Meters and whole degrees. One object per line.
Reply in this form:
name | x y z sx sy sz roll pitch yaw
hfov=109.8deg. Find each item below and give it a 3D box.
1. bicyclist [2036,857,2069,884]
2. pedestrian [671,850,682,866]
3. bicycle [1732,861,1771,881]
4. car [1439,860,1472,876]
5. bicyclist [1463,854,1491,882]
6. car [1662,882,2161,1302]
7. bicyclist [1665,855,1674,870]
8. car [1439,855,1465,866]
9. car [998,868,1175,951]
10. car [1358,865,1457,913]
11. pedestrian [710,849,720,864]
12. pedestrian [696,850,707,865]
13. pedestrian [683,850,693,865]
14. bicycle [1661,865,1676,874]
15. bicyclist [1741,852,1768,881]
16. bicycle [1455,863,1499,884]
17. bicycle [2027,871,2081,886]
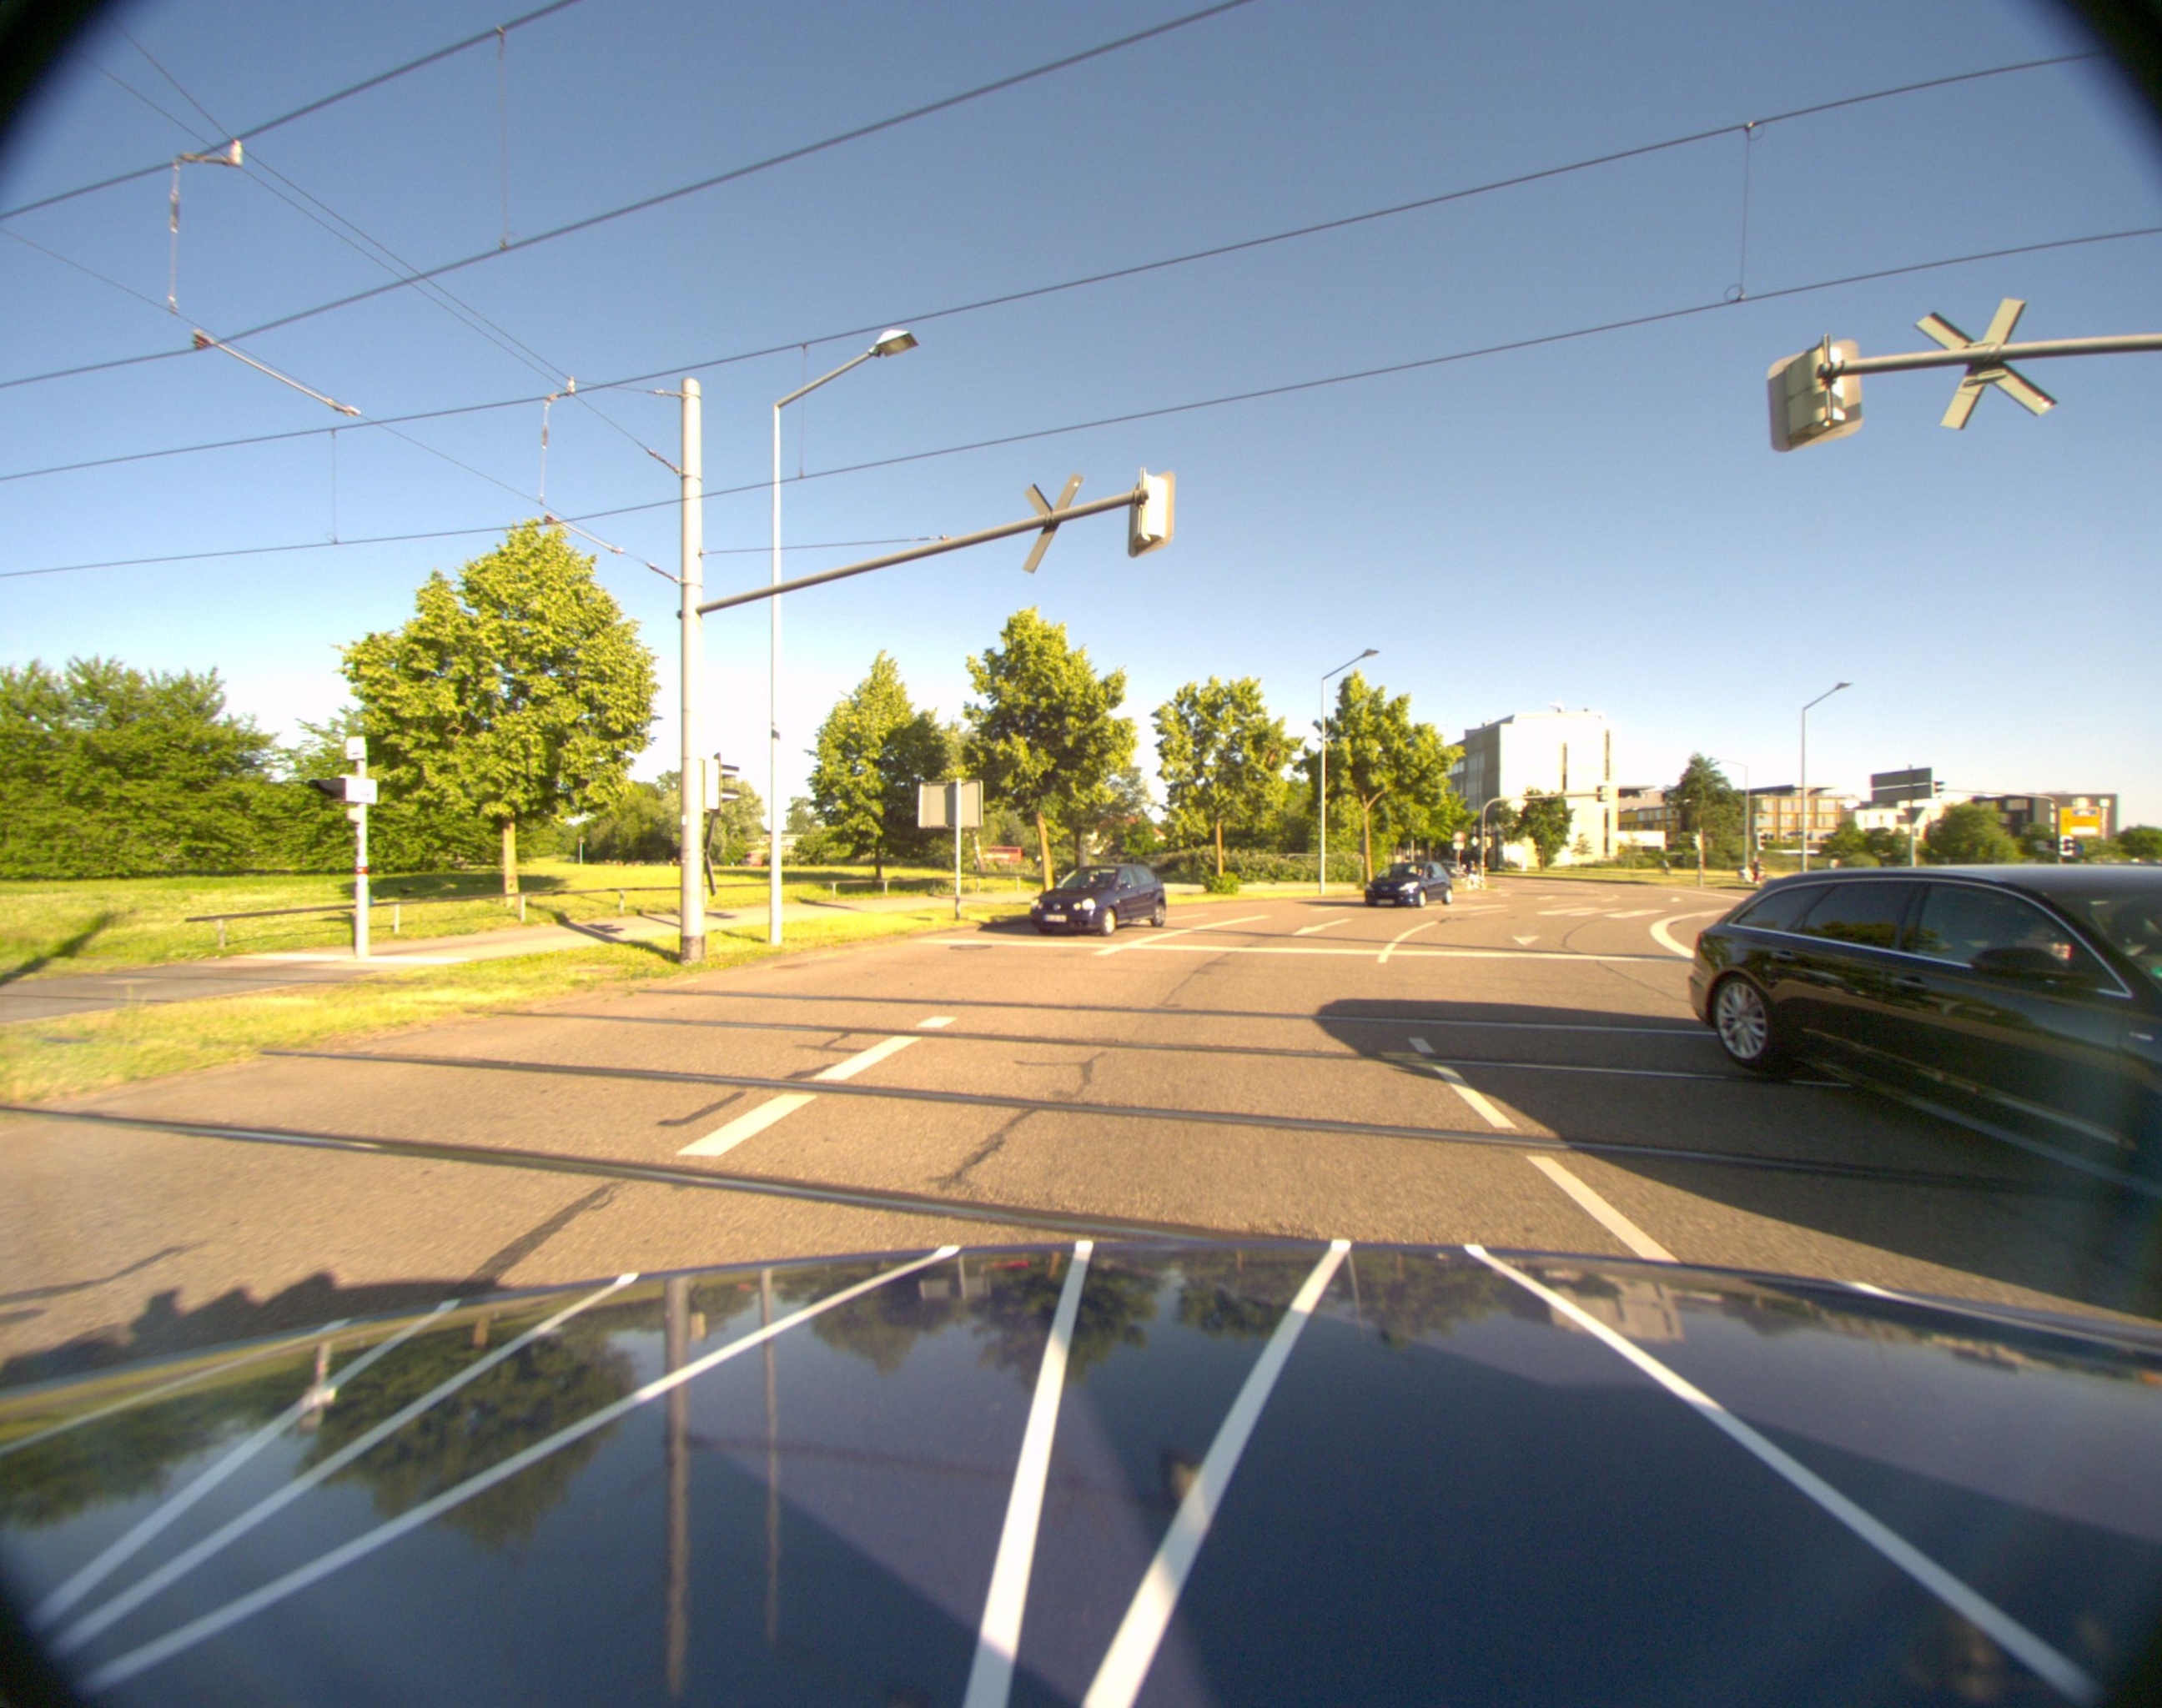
bicyclist | 54.741 0.914 42.814 0.923 1.508 0.618 0 1 14
pedestrian | -37.985 0.368 71.393 0.687 1.432 0.794 0 0 -9
bicycle | 39.467 0.986 44.734 1.654 1.122 0.704 -1 2 -2
car | 35.629 1.310 72.429 1.934 1.371 4.542 0 0 14
bicyclist | 23.086 0.800 44.285 1.088 1.553 0.875 1 2 -16
car | 5.103 0.935 3.634 1.795 1.435 5.022 0 0 13
bicyclist | 61.758 0.913 79.726 0.432 1.555 0.852 0 0 12
car | 53.944 0.887 110.542 2.007 1.532 4.327 0 0 6
car | 0.295 1.059 16.282 1.633 1.459 4.555 0 0 32
car | 10.848 1.107 25.113 1.753 1.445 4.009 -1 -1 43
pedestrian | -34.598 0.257 71.809 0.662 1.432 0.794 0 0 -9
pedestrian | -35.928 0.295 71.912 0.774 1.432 0.794 0 0 -9
pedestrian | -36.878 0.336 71.306 0.687 1.432 0.794 0 0 -9
bicycle | 61.788 1.646 79.893 0.490 0.847 1.891 0 0 12
bicyclist | 39.665 0.716 44.743 0.942 1.654 0.704 -1 2 -2
bicycle | 23.060 1.128 44.283 2.218 1.148 0.875 1 2 -16
bicycle | 54.792 1.376 42.811 1.885 0.847 0.618 0 0 14

_PROBLEM DESCRIPTION_: In the listing above, please print only the lines from the first one to the line where "13. pedestrian [683,850,693,865]" appears, exactly as written, both of those lines included.

_SOLUTION FOR THIS EXERCISE_:
Meters and whole degrees. One object per line.
Reply in this form:
name | x y z sx sy sz roll pitch yaw
hfov=109.8deg. Find each item below and give it a 3D box.
1. bicyclist [2036,857,2069,884]
2. pedestrian [671,850,682,866]
3. bicycle [1732,861,1771,881]
4. car [1439,860,1472,876]
5. bicyclist [1463,854,1491,882]
6. car [1662,882,2161,1302]
7. bicyclist [1665,855,1674,870]
8. car [1439,855,1465,866]
9. car [998,868,1175,951]
10. car [1358,865,1457,913]
11. pedestrian [710,849,720,864]
12. pedestrian [696,850,707,865]
13. pedestrian [683,850,693,865]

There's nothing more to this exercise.